Problem description:
Please give a word-for-word repeat of the line containing "Quick response, please. Yes." and all lines that come after it in the entries below, ending at the last line.

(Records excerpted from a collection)
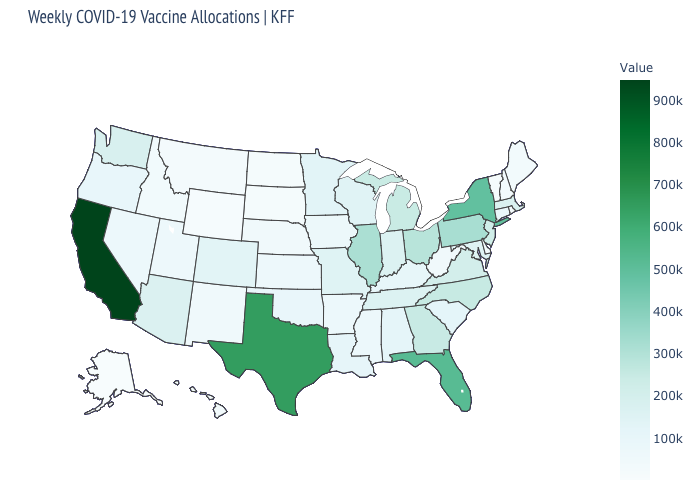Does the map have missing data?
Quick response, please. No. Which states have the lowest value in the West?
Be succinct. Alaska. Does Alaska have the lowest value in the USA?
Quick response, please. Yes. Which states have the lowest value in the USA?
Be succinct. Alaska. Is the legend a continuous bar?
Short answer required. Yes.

Solution for this task:
Quick response, please. Yes. Which states have the lowest value in the USA?
Be succinct. Alaska. Is the legend a continuous bar?
Short answer required. Yes.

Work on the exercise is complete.